1inch suffers $ 5M hack due to the weakness of the intelligent contract

The Decentralized Exchange Aggregator 1inch lost $ 5 million in cryptocurrency when a hacker took advantage of a contract weakness, confirmed the platform.
On March 5, 1inch recognized a weakness affecting resolvers – creatures that fill orders – using outdated Fusion V1 implementation, which was made public a day later.
Source: 1inch network
Traces $ 5 million 1inch hack
On March 7, blockchain security firm Slowmist was found through an onchain investigation that 1inch hacker missed 2.4 million USDC (USDC) and 1,276 Wrapped ether (weth) Tokens.
Source: Slowmist
According to 1inch, Hack only stole funds from resolvers using Fusion V1 in their own contracts, and end-user funds are safe:
“We are actively working on affected resolver to secure their systems. We encourage all resolver to audit and update their contracts immediately.”
The platform announced Bug Bounty programs to secure any other weaknesses in the system and recover stolen funds.

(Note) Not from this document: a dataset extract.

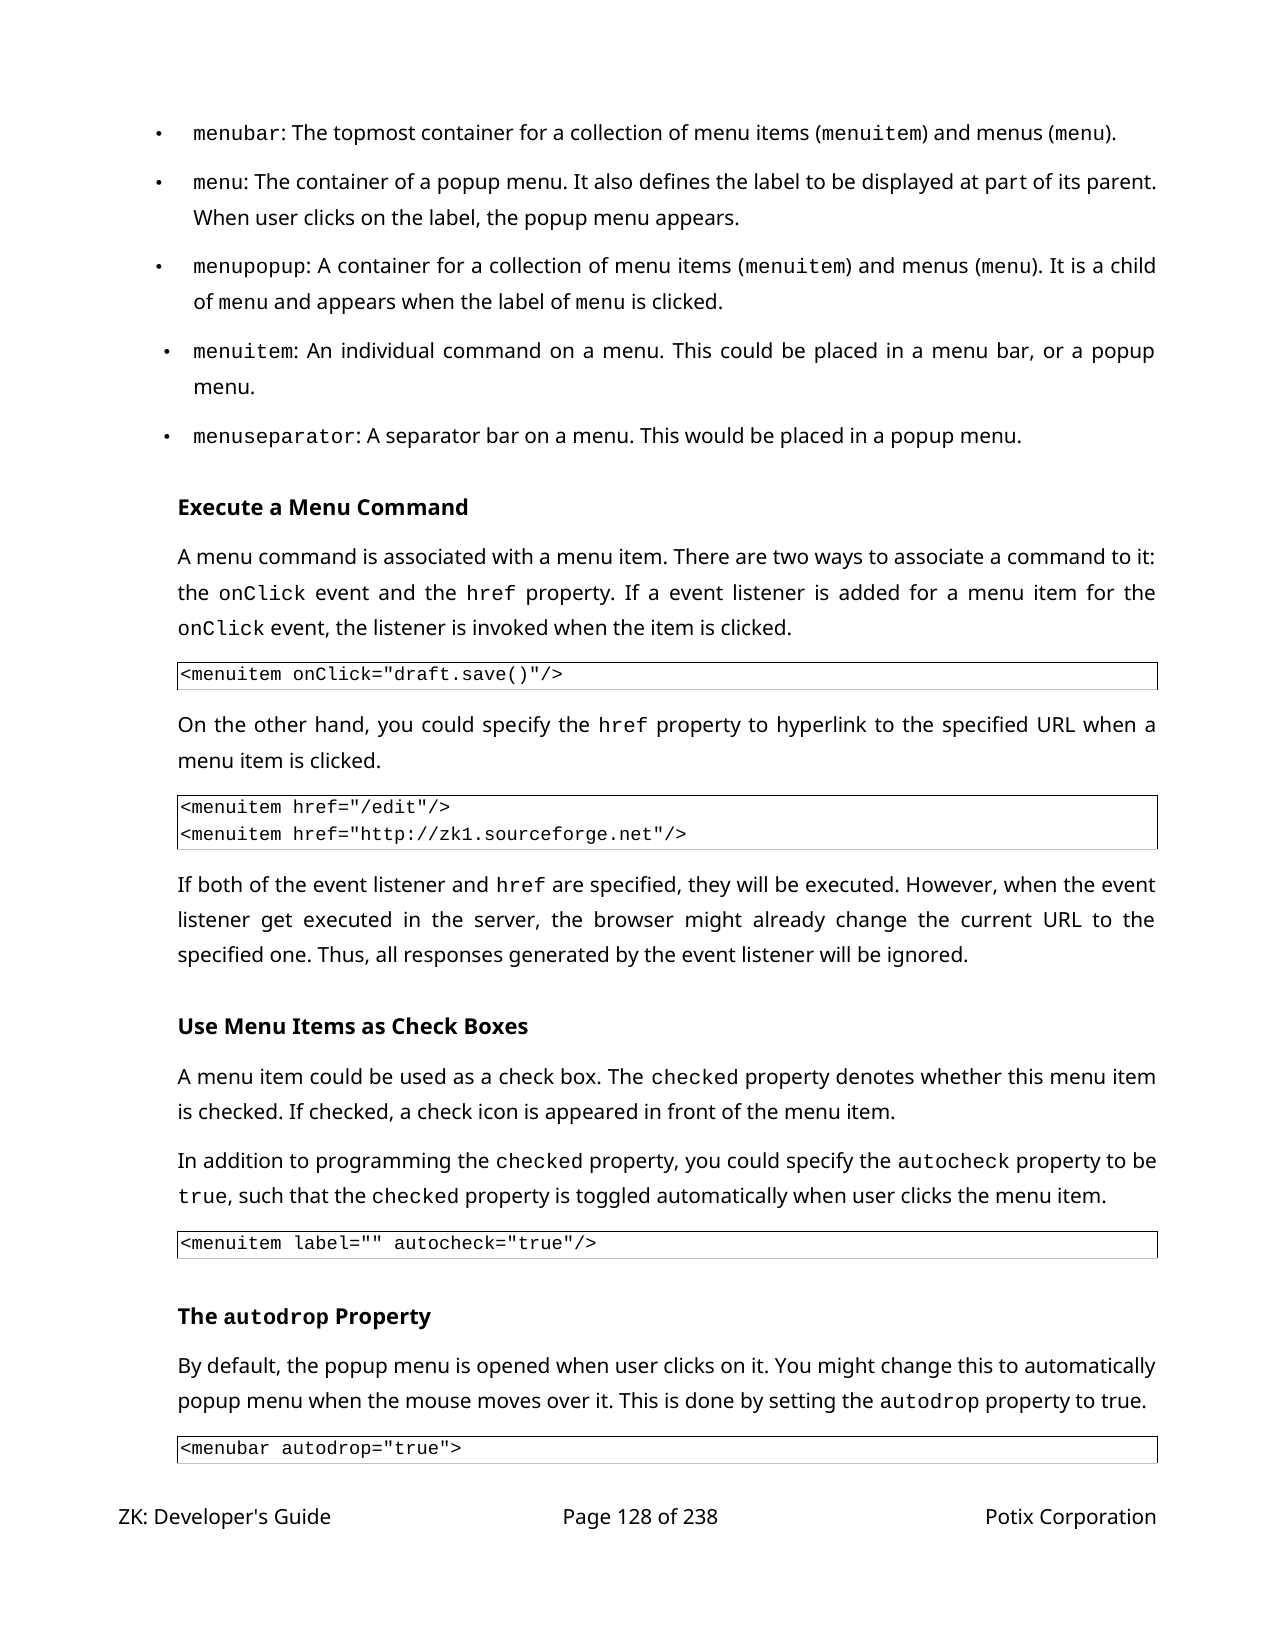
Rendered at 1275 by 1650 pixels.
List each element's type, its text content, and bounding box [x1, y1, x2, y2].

Related: $ 1.5b crypto hack losses expose bug flaws
1inch attempt to recover stolen funds is thin unless the hacker has come back to return them. Previously, compromised crypto protocols were managed to recover funds after attacking attacks to maintain 10% of funds as white hat funds, As seen in the case of crypto lender Shezmu.

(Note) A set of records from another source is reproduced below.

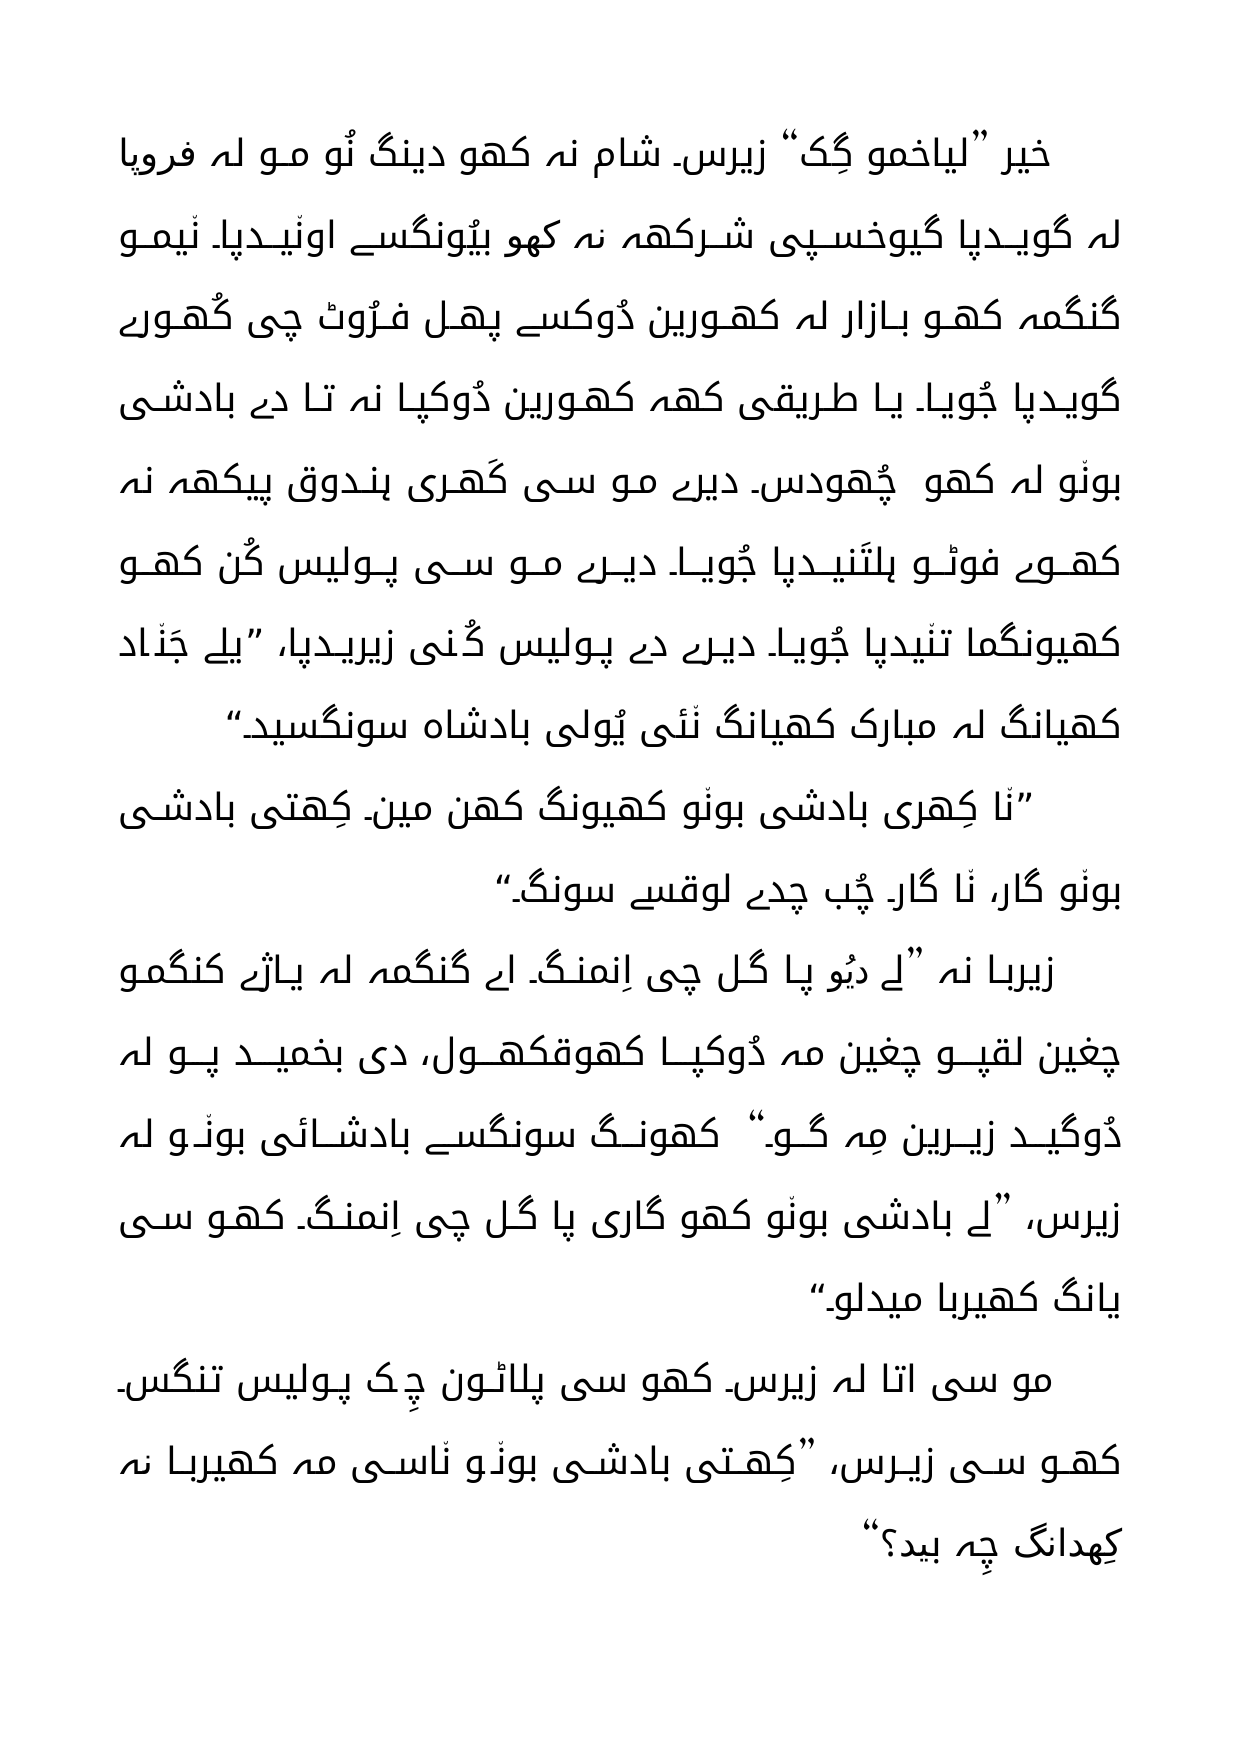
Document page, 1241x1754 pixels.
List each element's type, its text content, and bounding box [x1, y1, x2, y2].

text زیربا نہ ”لے دیُو پا گل چی اِنمنگ۔ اے گنگمہ لہ یاژے کنگمو چغین لقپو چغین مہ دُوکپا کھوقکھول، دی بخمید پو لہ دُوگید زیرین مِہ گو۔“ کھونگ سونگسے بادشائی بون٘و لہ زیرس، ”لے بادشی بون٘و کھو گاری پا گل چی اِنمنگ۔ کھو سی یانگ کھیربا میدلو۔“ [118, 936, 1122, 1334]
text مو سی اتا لہ زیرس۔ کھو سی پلاٹون چِک پولیس تنگس۔ کھو سی زیرس، ”کِھتی بادشی بون٘و ن٘اسی مہ کھیربا نہ کِھدانگ چِہ بید؟“ [118, 1345, 1122, 1579]
text ”ن٘ا کِھری بادشی بون٘و کھیونگ کھن مین۔ کِھتی بادشی بون٘و گار، ن٘ا گار۔ چُب چدے لوقسے سونگ۔“ [118, 772, 1122, 925]
text خیر ”لیاخمو گِک“ زیرس۔ شام نہ کھو دینگ نُو مو لہ فروپا لہ گویدپا گیوخسپی شرکھہ نہ کھو بیُونگسے اون٘یدپا۔ ن٘یمو گنگمہ کھو بازار لہ کھورین دُوکسے پھل فرُوٹ چی کُھورے گویدپا جُویا۔ یا طریقی کھہ کھورین دُوکپا نہ تا دے بادشی بون٘و لہ کھو چُھودس۔ دیرے مو سی کَھری ہندوق پیکھہ نہ کھوے فوٹو ہلتَنیدپا جُویا۔ دیرے مو سی پولیس کُن کھو کھیونگما تن٘یدپا جُویا۔ دیرے دے پولیس کُنی زیریدپا، ”یلے جَن٘اد کھیانگ لہ مبارک کھیانگ ن٘ئی یُولی بادشاہ سونگسید۔“ [118, 118, 1122, 762]

However, North Korea hackers behind the $ 1.5 billion bybit hack-called the crypto’s largest heist successful in siping the full amount Despite the coordinated efforts of the crypto community to regain losses.
Hackers steal different amounts of liquid-staked ether (steth), mantle staked eth (meth) and other ERC-20 tokens from Bybit.
Bybit on the slow road to recovery
Despite the sudden loss of funds, Bybit manages to allow its users without sewing to remove their funds by rapidly taking loans from other crypto companies, which has been paid someday.
It was taken 10 days for BYBIT hackers Launder $ 1.4 billion worth stolen cryptocurrencies. Some of the laundered funds may still be monitored despite swaping the asset, according to Deddy Lavid, co-founder and CEO of Blockchain Security Firm Cyvers:
“While launching through mixers and crosschain swaps is complicated recovery, cybersecurity companies that use onchain intelligence, AI-driven models, and cooperation with exchanges and regulators still have little opportunities to monitor and potentially freeze assets.”
The thorchain, a crosschain swap protocol, which has been reported widely used by hackers to siphon funds, experienced a Surge on Post-Bybit Hack Activity.